Training data: KRLabsOrg/tool-output-extraction-swebench

Statistics

Count
Train samples 8,241
Dev samples 252
Test samples 557
Total 9,050
SWE-bench real data 5,936
Synthetic multi-ecosystem 2,039
Synthetic SWE-style 1,075
Tool types 30

Data sources

The dataset combines three sources:

  1. SWE-bench real data — Tool calls executed on 2,294 cloned Python repos from SWE-bench (django, scikit-learn, sympy, etc.).
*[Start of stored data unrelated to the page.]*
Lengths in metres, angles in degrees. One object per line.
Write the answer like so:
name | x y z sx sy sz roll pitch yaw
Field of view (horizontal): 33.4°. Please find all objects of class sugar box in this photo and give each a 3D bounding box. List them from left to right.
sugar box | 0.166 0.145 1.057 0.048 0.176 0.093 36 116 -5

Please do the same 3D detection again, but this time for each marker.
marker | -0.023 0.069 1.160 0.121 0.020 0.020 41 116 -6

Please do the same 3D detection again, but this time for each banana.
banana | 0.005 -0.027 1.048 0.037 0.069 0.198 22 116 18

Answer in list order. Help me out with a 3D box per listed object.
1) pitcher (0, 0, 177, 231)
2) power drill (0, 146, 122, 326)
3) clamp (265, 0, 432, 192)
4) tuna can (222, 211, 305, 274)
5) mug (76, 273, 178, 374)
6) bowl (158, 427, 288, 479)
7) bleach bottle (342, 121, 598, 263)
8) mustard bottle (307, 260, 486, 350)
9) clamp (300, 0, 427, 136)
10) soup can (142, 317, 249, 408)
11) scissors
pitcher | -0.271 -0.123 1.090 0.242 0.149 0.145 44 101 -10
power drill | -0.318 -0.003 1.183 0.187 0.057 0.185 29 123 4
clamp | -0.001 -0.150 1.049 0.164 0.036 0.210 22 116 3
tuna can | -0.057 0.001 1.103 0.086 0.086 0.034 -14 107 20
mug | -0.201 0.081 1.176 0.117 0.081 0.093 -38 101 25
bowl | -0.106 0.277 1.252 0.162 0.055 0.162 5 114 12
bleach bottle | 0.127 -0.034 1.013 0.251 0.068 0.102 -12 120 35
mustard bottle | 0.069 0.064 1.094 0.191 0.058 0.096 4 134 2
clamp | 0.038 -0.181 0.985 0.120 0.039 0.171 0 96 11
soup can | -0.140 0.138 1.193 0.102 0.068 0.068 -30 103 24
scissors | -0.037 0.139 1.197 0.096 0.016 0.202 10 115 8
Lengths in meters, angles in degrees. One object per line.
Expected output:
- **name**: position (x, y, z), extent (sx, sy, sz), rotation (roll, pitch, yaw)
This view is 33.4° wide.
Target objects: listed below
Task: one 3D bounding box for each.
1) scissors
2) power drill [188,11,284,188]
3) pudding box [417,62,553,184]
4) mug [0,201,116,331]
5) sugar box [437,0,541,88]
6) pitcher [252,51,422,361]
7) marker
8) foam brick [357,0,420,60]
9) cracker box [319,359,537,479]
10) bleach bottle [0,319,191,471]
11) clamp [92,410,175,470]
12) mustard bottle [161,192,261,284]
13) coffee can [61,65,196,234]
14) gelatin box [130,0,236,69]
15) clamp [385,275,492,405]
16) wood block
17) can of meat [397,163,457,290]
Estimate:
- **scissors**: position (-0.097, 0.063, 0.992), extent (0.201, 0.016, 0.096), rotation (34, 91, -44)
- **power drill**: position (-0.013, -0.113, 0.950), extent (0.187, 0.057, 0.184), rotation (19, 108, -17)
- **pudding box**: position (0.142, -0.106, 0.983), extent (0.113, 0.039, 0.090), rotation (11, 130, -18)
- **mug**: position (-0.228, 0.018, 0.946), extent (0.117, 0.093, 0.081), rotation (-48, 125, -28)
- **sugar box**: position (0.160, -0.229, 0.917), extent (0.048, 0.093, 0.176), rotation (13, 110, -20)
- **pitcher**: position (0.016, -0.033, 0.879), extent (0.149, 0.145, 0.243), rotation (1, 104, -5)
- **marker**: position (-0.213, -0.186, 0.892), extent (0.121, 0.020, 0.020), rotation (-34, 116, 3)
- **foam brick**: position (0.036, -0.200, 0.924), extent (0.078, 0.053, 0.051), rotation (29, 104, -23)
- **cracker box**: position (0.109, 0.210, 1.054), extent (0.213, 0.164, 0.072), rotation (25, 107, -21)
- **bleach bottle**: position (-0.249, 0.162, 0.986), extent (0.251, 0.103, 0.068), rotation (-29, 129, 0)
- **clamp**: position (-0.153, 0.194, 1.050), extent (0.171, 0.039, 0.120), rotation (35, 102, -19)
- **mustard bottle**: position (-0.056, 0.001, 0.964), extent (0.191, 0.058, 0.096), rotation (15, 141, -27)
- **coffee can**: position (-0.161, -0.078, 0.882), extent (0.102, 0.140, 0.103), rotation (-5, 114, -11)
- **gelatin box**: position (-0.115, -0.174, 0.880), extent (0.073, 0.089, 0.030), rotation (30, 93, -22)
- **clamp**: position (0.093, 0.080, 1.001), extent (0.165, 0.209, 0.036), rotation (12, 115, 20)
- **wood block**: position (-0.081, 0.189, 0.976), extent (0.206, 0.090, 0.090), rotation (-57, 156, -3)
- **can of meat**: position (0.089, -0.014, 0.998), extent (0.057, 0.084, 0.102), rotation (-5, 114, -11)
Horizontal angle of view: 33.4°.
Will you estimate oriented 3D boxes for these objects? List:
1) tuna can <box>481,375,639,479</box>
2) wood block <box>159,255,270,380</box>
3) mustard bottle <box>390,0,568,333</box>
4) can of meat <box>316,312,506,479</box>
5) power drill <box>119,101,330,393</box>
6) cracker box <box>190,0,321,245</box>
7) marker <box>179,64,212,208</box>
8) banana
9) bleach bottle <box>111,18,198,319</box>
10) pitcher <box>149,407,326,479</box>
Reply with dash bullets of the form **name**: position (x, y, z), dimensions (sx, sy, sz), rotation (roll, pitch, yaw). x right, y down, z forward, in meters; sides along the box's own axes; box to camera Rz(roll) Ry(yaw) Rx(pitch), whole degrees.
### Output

Real git grep, pytest, pip install, mypy output. Labeled by a teacher LLM that selects relevant line spans grounded in the original output.

  2. Synthetic multi-ecosystem — LLM-generated tool output for ecosystems beyond Python: npm, TypeScript, Rust, Go, Java, Docker, Terraform, kubectl, and more. Two-pass generation: Pass 1 generates task + output, Pass 2 picks relevant lines.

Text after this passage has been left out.